“A Field in England” mixes folk, psychedelia and horror
A field in England (2013) is Ben Wheatley and Amy Jump’s most daringly experimental yet neglected film. As an alchemical potion of historical drama, psychedelia, formal experimentation, occultism, and popular horror, it eschews any basic generic classification. A field is well on its way to establishing itself as a cult classic in all its monochromatic glory.
Parachuted into a battlefield smoked by English Civil War muskets, we follow a disorganized group ranging from a naive astrologer to war-weary soldiers. Rather than continue fighting, they band together to find a nearby tavern. Things take a turn for the worse, however, when Cutler (Ryan Pope), the most veteran of the soldiers, starts slipping magic mushrooms – along with the not-so-magical ones – into a stew.
Enter O’Neil (Michael Smiley): an alchemist rival to Whitehead (Reece Shearsmith) with cut lips and a dry tongue. Vain, overbearing and amoral, he is the antithesis of Whitehead. Where Whitehead serves, O’Neil rebels, stealing valuable documents on the occult from their common master in a mercenary attempt to guess the whereabouts of the treasure in that area in England. The cunning O’Neil and his sidekick Cutler compel Whitehead and the soldiers to discover these riches.
“An anarchic atmosphere reigns”
Historically, the English Civil War was a time of brutality, but also of unearthing and revolution. A field recreates that sensation, filled with visual metaphors of rotation, gyration and winding. An anarchic atmosphere prevails.
“The Puritans were trying to root out paganism and magic from Catholicism,” Wheatley dissects of Cromwellian times, “they were killing God because they were killing the king, the representative of God. They wrote their own rules.” This feeling is bright in A field, presenting England as a country plagued by war, doubt and anguish; a place of radical uncertainty — a country withdrawn into itself.
Whitehead first appears cowardly, servile, and weak-willed; a worshiper of masters, whether divine or secular. This had provided stability until he crossed paths with O’Neil. Here Whitehead part ways: Forced to use the occult practice of divination to find the treasure and feed O’Neil’s gluttony, he betrays his Christian morals. Whitehead and the soldiers are forced to dig once the treasure is guessed.

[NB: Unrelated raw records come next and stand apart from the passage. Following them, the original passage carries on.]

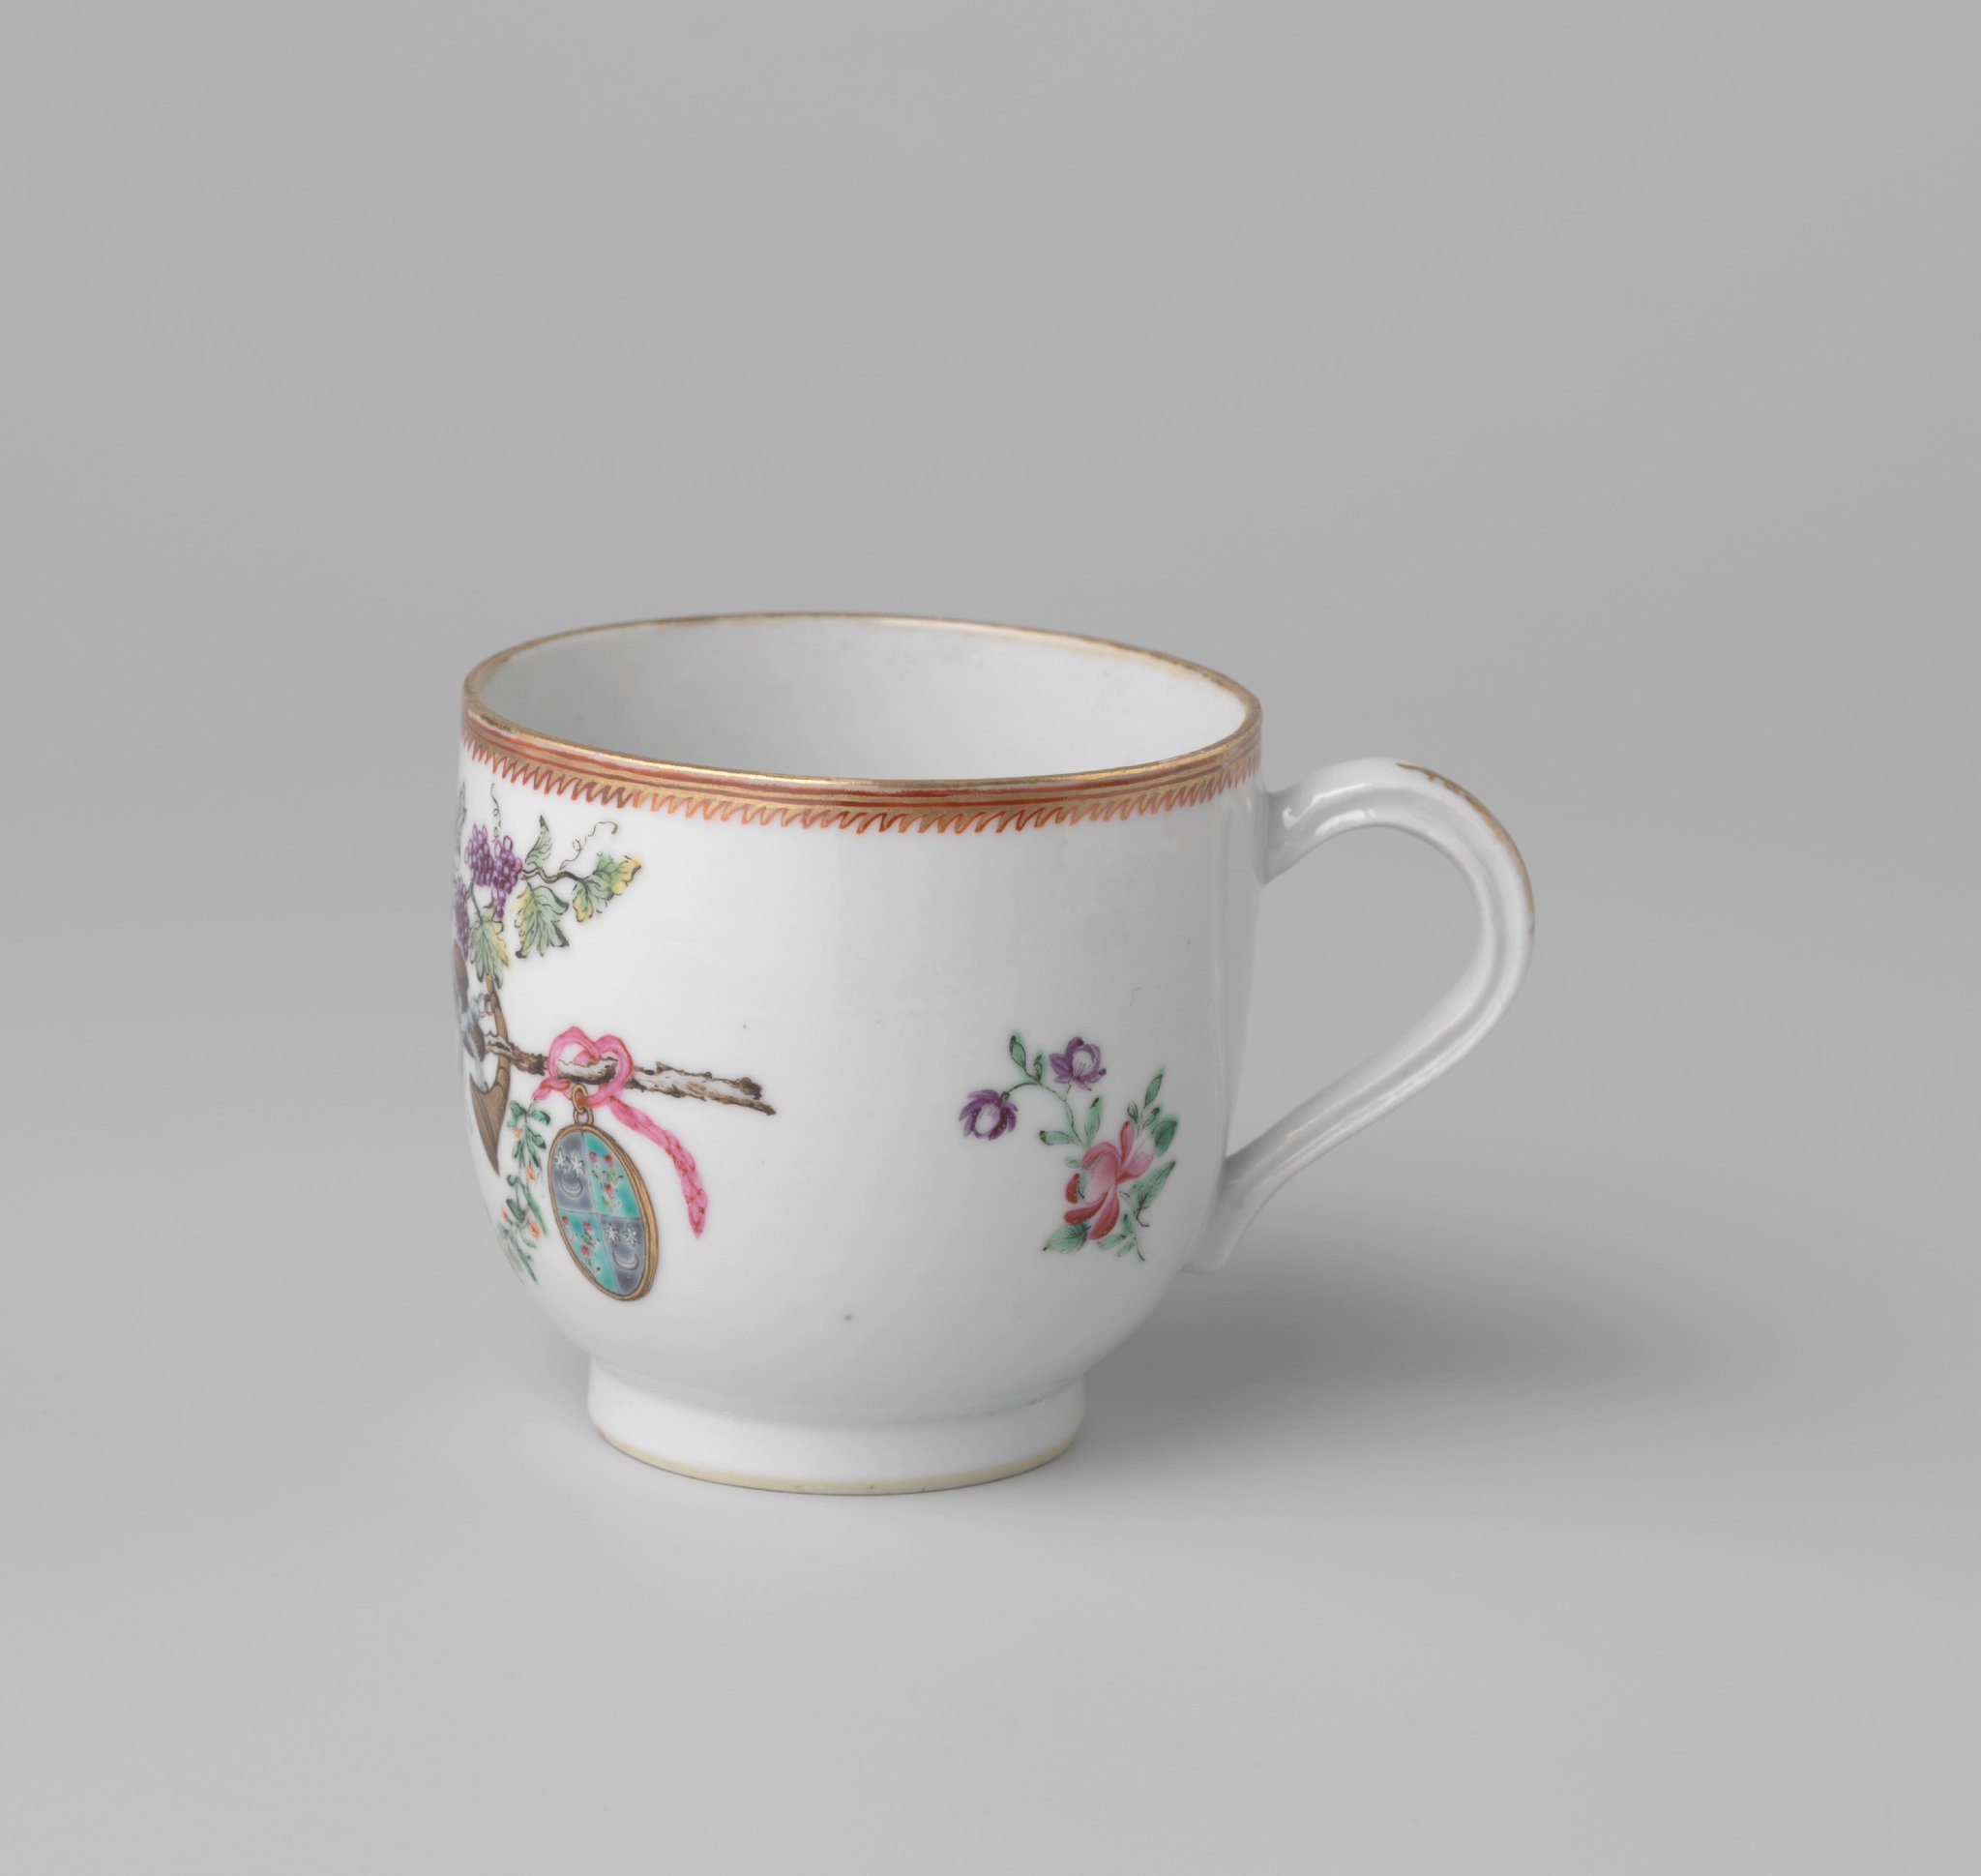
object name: cup
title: Cup with handle with the arms of the Visvliet and Sluymer families
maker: Anonymous
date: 1777
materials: glaze, gold, paint, porcelain
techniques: firing, gilding, turning, vitrification
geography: china
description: Kop en schotel van porselein. Versierd met bloem- en vruchtentakken en een stok waaraan een hoed, een blad papier een hoorn en 2 wapenschilden zijn bevestigd. De wapens zijn van de families Visvliet en Sluymer (uit Zeeland).
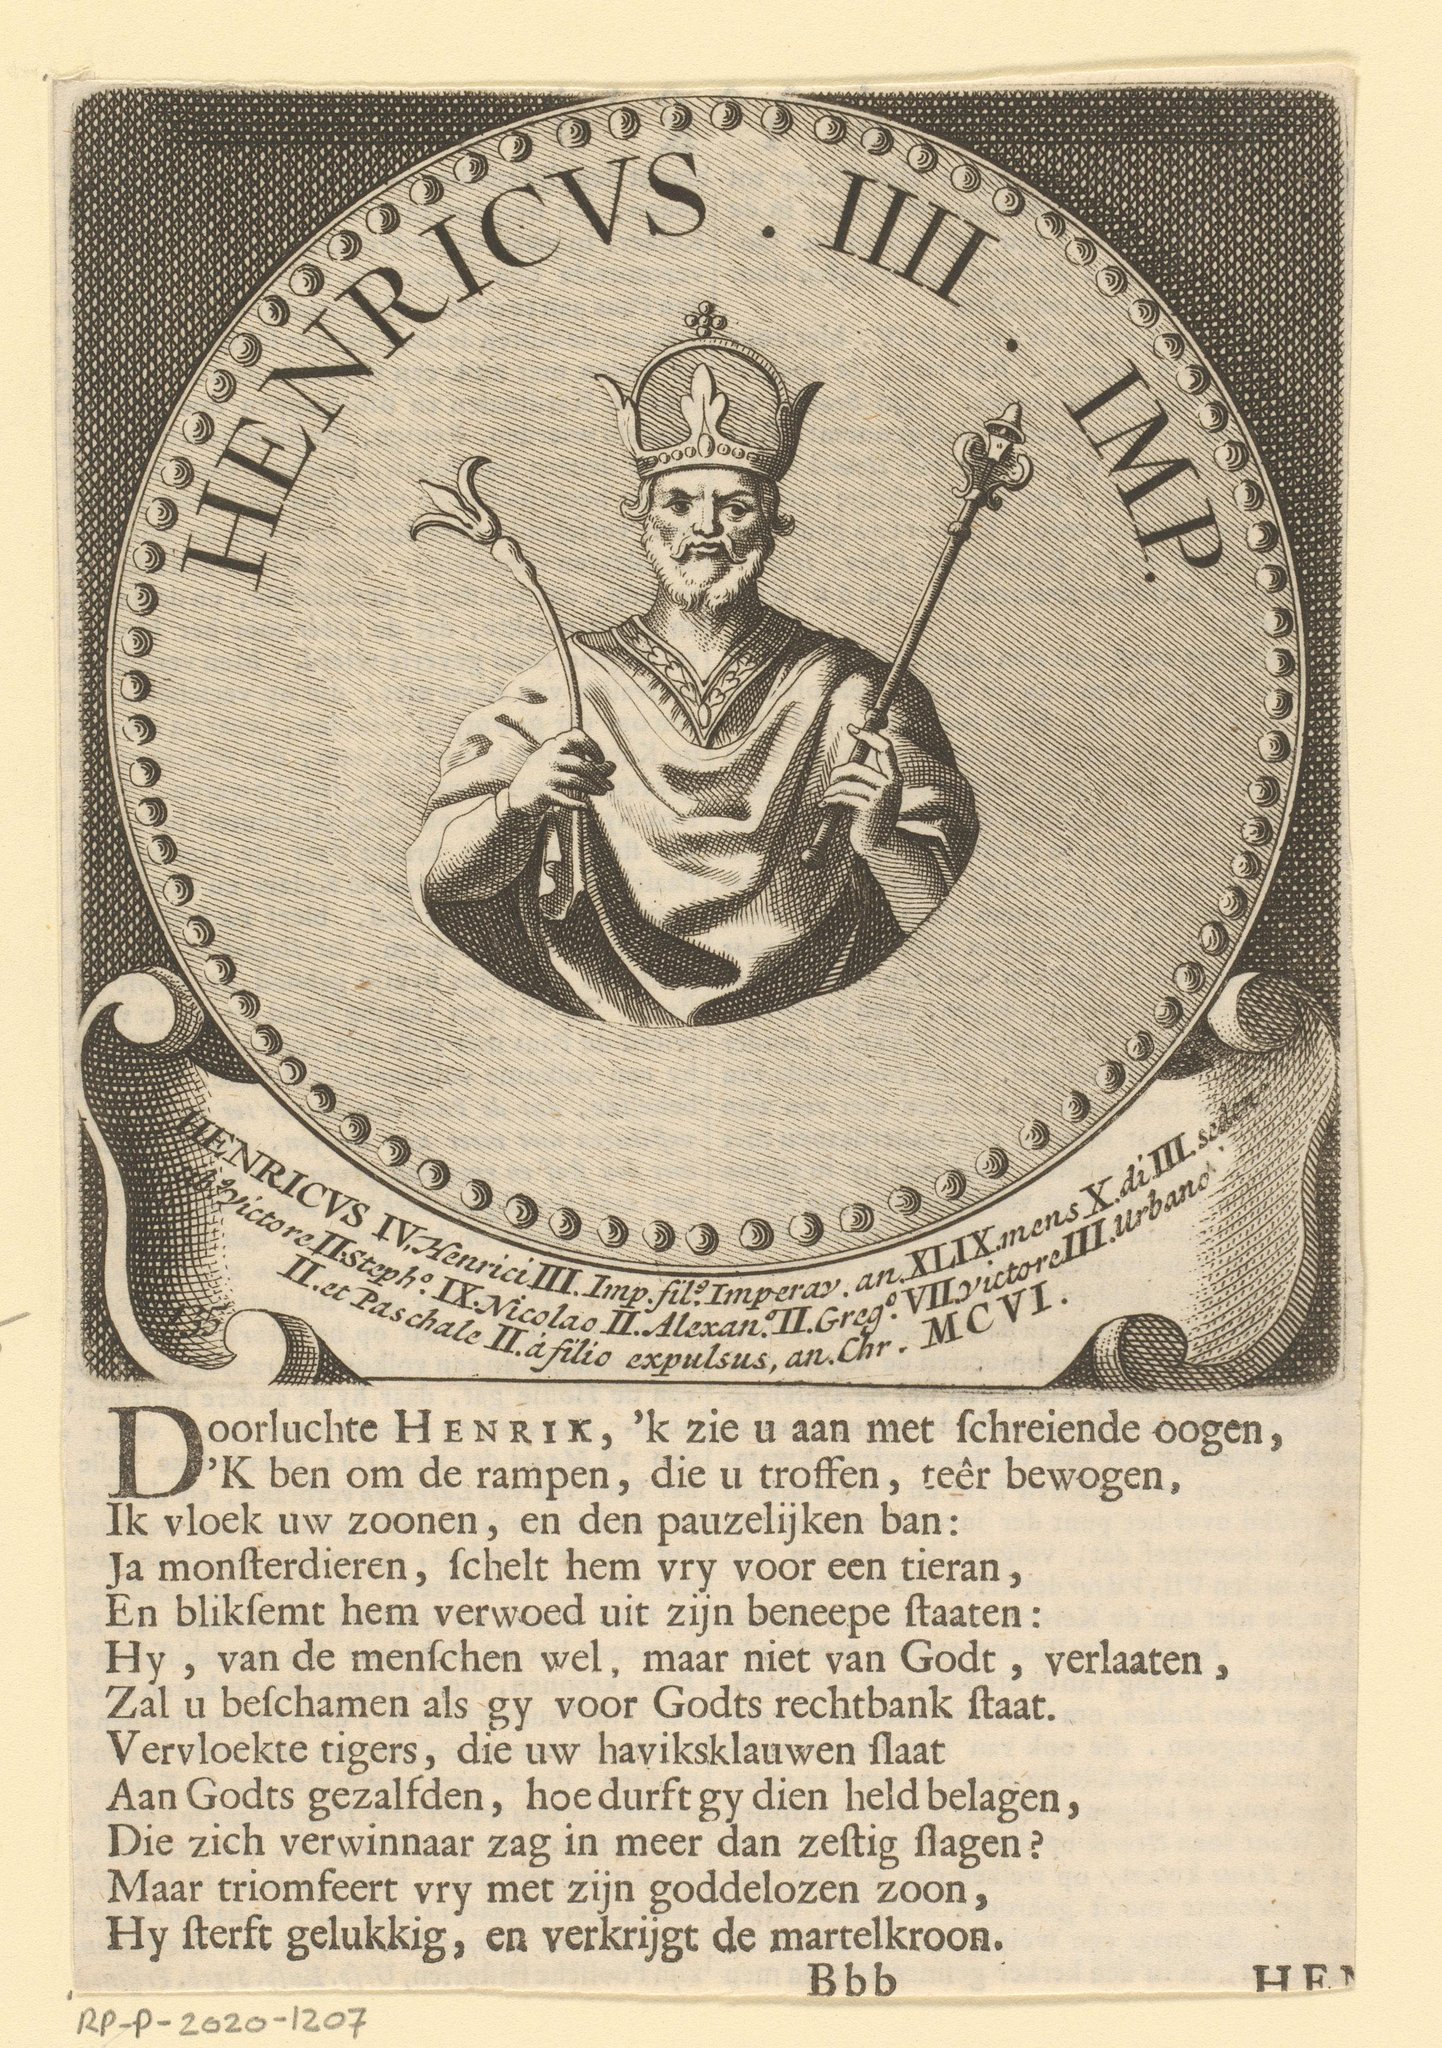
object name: book illustration
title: Henricus. IIII. imp
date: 1697
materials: paper
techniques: engraving, etching, letterpress printing
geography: utrecht
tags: liège, crown (symbol of sovereignty), historical persons, hacking and thrusting weapons: sword, emperor
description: Prent uit: Bogaert, Abraham. De Roomsche monarchy, vertoont in de muntbeelden der westersche en oostersche keizeren (...). Utrecht: François Halma en Willem van de Water, 1697, p. 377. Eerste staat verschenen als grotere prent met 12 portretten, gedateerd 1695.

Digging and declaiming begins. The statement “I am my own man” is muttered between the bullied soldiers. Digging and ranting – visual metaphors that relate, historically, to Civil War counterculture splinter groups. The Diggers, led by Gerald Winstanley, were a proto-socialist group, seizing closed land for the masses. The Ranters were more extreme—early anarchists who saw free love, smoking, and swearing as viable paths to personal and spiritual liberation. Wheatley taps into these groundbreaking contextual vibes using these visual metaphors.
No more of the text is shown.